*Aim of the exercise*: Determine how many lines in this listing contain the word "linetype" and report that number by itself.

*Extracted entries*:
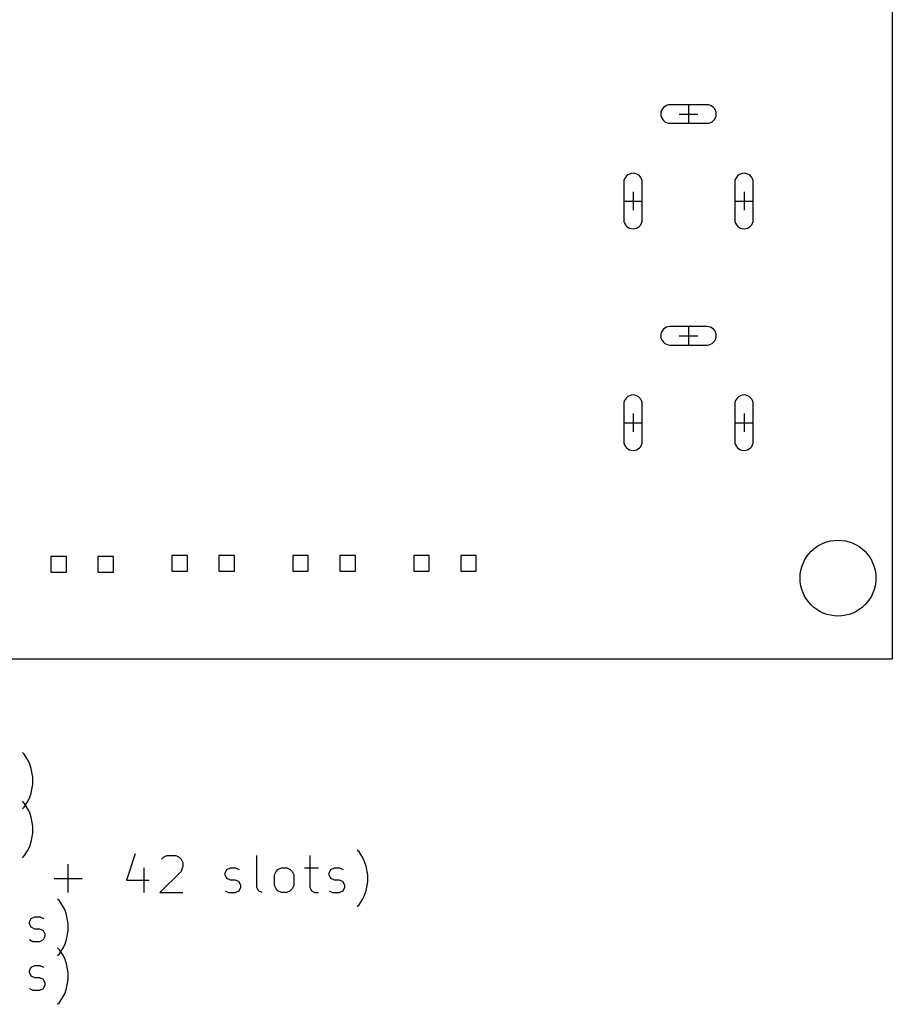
# Model space of a CAD drawing. Extents: x -2 to 95, y -116 to 0.
# Tile 4 of 5: x 48 to 95, y -114 to -60. Entities that reach past the tile are written whole.
import ezdxf

# ---------------------------------------------------------------- set-up
doc = ezdxf.new("R2010")
doc.units = 0
doc.layers.add('BLACK', color=7, linetype='CONTINUOUS')

msp = doc.modelspace()

# ---------------------------------------------------------------- linework, layer by layer
at = {"layer": 'BLACK', "linetype": 'CONTINUOUS'}
for p, q in [((94.72, 0), (94.73, -94.86)), ((84.72, -64.9175), (82.72, -64.9175)), ((83.22, -65.4175), (84.22, -65.4175)), ((83.72, -64.9175), (83.72, -65.9175)), ((82.72, -65.9175), (84.72, -65.9175)), ((80.22, -69.1175), (80.22, -71.1175)), ((81.22, -71.1175), (81.22, -69.1175)), ((86.22, -69.1175), (86.22, -71.1175)), ((87.22, -71.1175), (87.22, -69.1175)), ((80.72, -69.6175), (80.72, -70.6175)), ((86.72, -69.6175), (86.72, -70.6175)), ((80.22, -70.1175), (81.22, -70.1175)), ((86.22, -70.1175), (87.22, -70.1175)), ((84.72, -76.8975), (82.72, -76.8975)), ((83.72, -76.8975), (83.72, -77.8975)), ((83.22, -77.3975), (84.22, -77.3975)), ((82.72, -77.8975), (84.72, -77.8975)), ((80.22, -81.0975), (80.22, -83.0975)), ((81.22, -83.0975), (81.22, -81.0975)), ((86.22, -81.0975), (86.22, -83.0975)), ((87.22, -83.0975), (87.22, -81.0975)), ((80.72, -81.5975), (80.72, -82.5975)), ((86.72, -81.5975), (86.72, -82.5975)), ((80.22, -82.0975), (81.22, -82.0975)), ((86.22, -82.0975), (87.22, -82.0975)), ((50.108933, -89.330067), (49.267467, -89.330067)), ((49.267467, -89.330067), (49.267467, -90.171533)), ((50.108933, -90.171533), (50.108933, -89.330067)), ((52.648933, -89.330067), (51.807467, -89.330067)), ((51.807467, -89.330067), (51.807467, -90.171533)), ((52.648933, -90.171533), (52.648933, -89.330067)), ((56.642933, -89.279267), (55.801467, -89.279267)), ((55.801467, -89.279267), (55.801467, -90.120733)), ((56.642933, -90.120733), (56.642933, -89.279267)), ((59.182933, -89.279267), (58.341467, -89.279267)), ((58.341467, -89.279267), (58.341467, -90.120733)), ((59.182933, -90.120733), (59.182933, -89.279267)), ((63.176833, -89.279267), (62.335367, -89.279267)), ((62.335367, -89.279267), (62.335367, -90.120733)), ((63.176833, -90.120733), (63.176833, -89.279267)), ((65.716833, -89.279267), (64.875367, -89.279267)), ((64.875367, -89.279267), (64.875367, -90.120733)), ((65.716833, -90.120733), (65.716833, -89.279267)), ((69.710733, -89.279267), (68.869267, -89.279267)), ((68.869267, -89.279267), (68.869267, -90.120733)), ((69.710733, -90.120733), (69.710733, -89.279267)), ((72.250733, -89.279267), (71.409267, -89.279267)), ((71.409267, -89.279267), (71.409267, -90.120733)), ((72.250733, -90.120733), (72.250733, -89.279267)), ((49.267467, -90.171533), (50.108933, -90.171533)), ((51.807467, -90.171533), (52.648933, -90.171533)), ((55.801467, -90.120733), (56.642933, -90.120733)), ((58.341467, -90.120733), (59.182933, -90.120733)), ((62.335367, -90.120733), (63.176833, -90.120733)), ((64.875367, -90.120733), (65.716833, -90.120733)), ((68.869267, -90.120733), (69.710733, -90.120733)), ((71.409267, -90.120733), (72.250733, -90.120733)), ((0.07, -94.85), (94.73, -94.86)), ((47.820868, -100.009361), (47.72563, -99.914123)), ((48.011344, -100.295076), (47.820868, -100.009361)), ((48.106582, -100.485552), (48.011344, -100.295076)), ((48.20182, -100.771266), (48.106582, -100.485552)), ((48.297058, -101.247457), (48.20182, -100.771266)), ((48.297058, -101.628409), (48.297058, -101.247457)), ((48.106582, -102.390314), (48.20182, -102.1046)), ((48.20182, -102.1046), (48.297058, -101.628409)), ((47.820868, -102.649361), (47.72563, -102.554123)), ((47.820868, -102.866504), (48.011344, -102.58079)), ((48.011344, -102.935076), (47.820868, -102.649361)), ((48.011344, -102.58079), (48.106582, -102.390314)), ((47.72563, -102.961742), (47.820868, -102.866504)), ((48.106582, -103.125552), (48.011344, -102.935076)), ((48.20182, -103.411266), (48.106582, -103.125552)), ((48.297058, -103.887457), (48.20182, -103.411266)), ((48.20182, -104.7446), (48.297058, -104.268409)), ((48.297058, -104.268409), (48.297058, -103.887457)), ((48.106582, -105.030314), (48.20182, -104.7446)), ((47.820868, -105.506504), (48.011344, -105.22079)), ((48.011344, -105.22079), (48.106582, -105.030314)), ((65.916108, -105.289361), (65.82087, -105.194123)), ((66.106584, -105.575076), (65.916108, -105.289361)), ((47.72563, -105.601742), (47.820868, -105.506504)), ((53.820868, -105.3846), (53.344678, -106.813171)), ((55.24944, -105.670314), (55.344678, -105.575076)), ((55.344678, -105.575076), (55.535154, -105.479838)), ((55.535154, -105.479838), (56.011345, -105.479838)), ((56.011345, -105.479838), (56.201821, -105.575076)), ((56.201821, -105.575076), (56.297059, -105.670314)), ((56.297059, -105.670314), (56.392297, -105.86079)), ((56.392297, -105.86079), (56.392297, -106.051266)), ((60.392298, -107.194123), (60.392298, -105.479838)), ((63.249441, -105.479838), (63.249441, -107.194123)), ((66.201822, -105.765552), (66.106584, -105.575076)), ((66.29706, -106.051266), (66.201822, -105.765552)), ((50.201821, -107.479838), (50.201821, -105.956028)), ((54.297059, -106.146504), (54.297059, -107.479838)), ((56.297059, -106.33698), (55.154202, -107.479838)), ((56.392297, -106.051266), (56.297059, -106.33698)), ((58.678012, -106.432219), (58.77325, -106.241742)), ((58.77325, -106.241742), (58.963726, -106.146504)), ((58.963726, -106.146504), (59.24944, -106.146504)), ((59.24944, -106.146504), (59.439917, -106.241742)), ((61.344679, -106.527457), (61.439917, -106.33698)), ((61.439917, -106.33698), (61.535155, -106.241742)), ((61.535155, -106.241742), (61.725631, -106.146504)), ((61.725631, -106.146504), (62.011346, -106.146504)), ((62.011346, -106.146504), (62.201822, -106.241742)), ((62.201822, -106.241742), (62.29706, -106.33698)), ((62.29706, -106.33698), (62.392298, -106.527457)), ((62.963727, -106.146504), (63.725631, -106.146504)), ((64.29706, -106.432219), (64.392298, -106.241742)), ((64.392298, -106.241742), (64.582774, -106.146504)), ((64.582774, -106.146504), (64.868488, -106.146504)), ((64.868488, -106.146504), (65.058965, -106.241742)), ((66.392298, -106.527457), (66.29706, -106.051266)), ((49.439916, -106.717933), (50.963726, -106.717933)), ((53.344678, -106.813171), (54.582773, -106.813171)), ((58.678012, -106.527457), (58.678012, -106.432219)), ((58.77325, -106.717933), (58.678012, -106.527457)), ((58.963726, -106.813171), (58.77325, -106.717933)), ((59.24944, -106.813171), (58.963726, -106.813171)), ((59.439917, -106.908409), (59.24944, -106.813171)), ((59.535155, -107.098885), (59.439917, -106.908409)), ((61.344679, -107.098885), (61.344679, -106.527457)), ((62.392298, -106.527457), (62.392298, -107.098885)), ((64.29706, -106.527457), (64.29706, -106.432219)), ((64.392298, -106.717933), (64.29706, -106.527457)), ((64.582774, -106.813171), (64.392298, -106.717933)), ((64.868488, -106.813171), (64.582774, -106.813171)), ((65.058965, -106.908409), (64.868488, -106.813171)), ((65.154203, -107.098885), (65.058965, -106.908409)), ((66.29706, -107.3846), (66.392298, -106.908409)), ((66.392298, -106.908409), (66.392298, -106.527457)), ((58.678012, -107.3846), (58.868488, -107.479838)), ((59.24944, -107.479838), (59.439917, -107.3846)), ((59.439917, -107.3846), (59.535155, -107.194123)), ((59.535155, -107.194123), (59.535155, -107.098885)), ((60.487536, -107.3846), (60.392298, -107.194123)), ((60.678012, -107.479838), (60.487536, -107.3846)), ((61.439917, -107.289361), (61.344679, -107.098885)), ((61.535155, -107.3846), (61.439917, -107.289361)), ((61.725631, -107.479838), (61.535155, -107.3846)), ((62.201822, -107.3846), (62.011346, -107.479838)), ((62.29706, -107.289361), (62.201822, -107.3846)), ((62.392298, -107.098885), (62.29706, -107.289361)), ((63.249441, -107.194123), (63.344679, -107.3846)), ((63.344679, -107.3846), (63.535155, -107.479838)), ((64.29706, -107.3846), (64.487536, -107.479838)), ((64.868488, -107.479838), (65.058965, -107.3846)), ((65.058965, -107.3846), (65.154203, -107.194123)), ((65.154203, -107.194123), (65.154203, -107.098885)), ((66.201822, -107.670314), (66.29706, -107.3846)), ((49.72563, -107.929361), (49.630392, -107.834123)), ((49.916106, -108.215076), (49.72563, -107.929361)), ((55.154202, -107.479838), (56.392297, -107.479838)), ((58.868488, -107.479838), (59.24944, -107.479838)), ((62.011346, -107.479838), (61.725631, -107.479838)), ((63.535155, -107.479838), (63.725631, -107.479838)), ((64.487536, -107.479838), (64.868488, -107.479838)), ((65.916108, -108.146504), (66.106584, -107.86079)), ((66.106584, -107.86079), (66.201822, -107.670314)), ((50.011344, -108.405552), (49.916106, -108.215076)), ((50.106582, -108.691266), (50.011344, -108.405552)), ((65.82087, -108.241742), (65.916108, -108.146504)), ((48.106582, -109.072219), (48.20182, -108.881742)), ((48.20182, -108.881742), (48.392296, -108.786504)), ((48.392296, -108.786504), (48.67801, -108.786504)), ((48.67801, -108.786504), (48.868487, -108.881742)), ((50.20182, -109.167457), (50.106582, -108.691266)), ((48.106582, -109.167457), (48.106582, -109.072219)), ((48.20182, -109.357933), (48.106582, -109.167457)), ((48.392296, -109.453171), (48.20182, -109.357933)), ((48.67801, -109.453171), (48.392296, -109.453171)), ((48.868487, -109.548409), (48.67801, -109.453171)), ((48.963725, -109.738885), (48.868487, -109.548409)), ((50.106582, -110.0246), (50.20182, -109.548409)), ((50.20182, -109.548409), (50.20182, -109.167457)), ((48.106582, -110.0246), (48.297058, -110.119838)), ((48.297058, -110.119838), (48.67801, -110.119838)), ((48.67801, -110.119838), (48.868487, -110.0246)), ((48.868487, -110.0246), (48.963725, -109.834123)), ((48.963725, -109.834123), (48.963725, -109.738885)), ((50.011344, -110.310314), (50.106582, -110.0246)), ((49.72563, -110.569361), (49.630392, -110.474123)), ((49.72563, -110.786504), (49.916106, -110.50079)), ((49.916106, -110.855076), (49.72563, -110.569361)), ((49.916106, -110.50079), (50.011344, -110.310314)), ((49.630392, -110.881742), (49.72563, -110.786504)), ((50.011344, -111.045552), (49.916106, -110.855076)), ((50.106582, -111.331266), (50.011344, -111.045552)), ((48.106582, -111.712219), (48.20182, -111.521742)), ((48.106582, -111.807457), (48.106582, -111.712219)), ((48.20182, -111.521742), (48.392296, -111.426504)), ((48.392296, -111.426504), (48.67801, -111.426504)), ((48.67801, -111.426504), (48.868487, -111.521742)), ((50.20182, -111.807457), (50.106582, -111.331266)), ((48.20182, -111.997933), (48.106582, -111.807457)), ((48.392296, -112.093171), (48.20182, -111.997933)), ((48.67801, -112.093171), (48.392296, -112.093171)), ((48.868487, -112.188409), (48.67801, -112.093171)), ((48.963725, -112.378885), (48.868487, -112.188409)), ((50.106582, -112.6646), (50.20182, -112.188409)), ((50.20182, -112.188409), (50.20182, -111.807457)), ((48.106582, -112.6646), (48.297058, -112.759838)), ((48.297058, -112.759838), (48.67801, -112.759838)), ((48.67801, -112.759838), (48.868487, -112.6646)), ((48.868487, -112.6646), (48.963725, -112.474123)), ((48.963725, -112.474123), (48.963725, -112.378885)), ((50.011344, -112.950314), (50.106582, -112.6646)), ((49.72563, -113.426504), (49.916106, -113.14079)), ((49.916106, -113.14079), (50.011344, -112.950314)), ((49.630392, -113.521742), (49.72563, -113.426504))]:
    msp.add_line(p, q, dxfattribs=at)
at = {"layer": 'BLACK'}
msp.add_circle((91.7956, -90.4928), 2.05, dxfattribs=at)
for centre, start, end in [((82.72, -65.4175), 90, 270), ((84.72, -65.4175), 270, 450), ((80.72, -69.1175), 0, 180), ((86.72, -69.1175), 0, 180), ((80.72, -71.1175), 180, 360), ((86.72, -71.1175), 180, 360), ((82.72, -77.3975), 90, 270), ((84.72, -77.3975), 270, 450), ((80.72, -81.0975), 0, 180), ((86.72, -81.0975), 0, 180), ((80.72, -83.0975), 180, 360), ((86.72, -83.0975), 180, 360)]:
    msp.add_arc(centre, 0.5, start, end, dxfattribs=at)

doc.saveas('drawing.dxf')

*Result of the task*: 2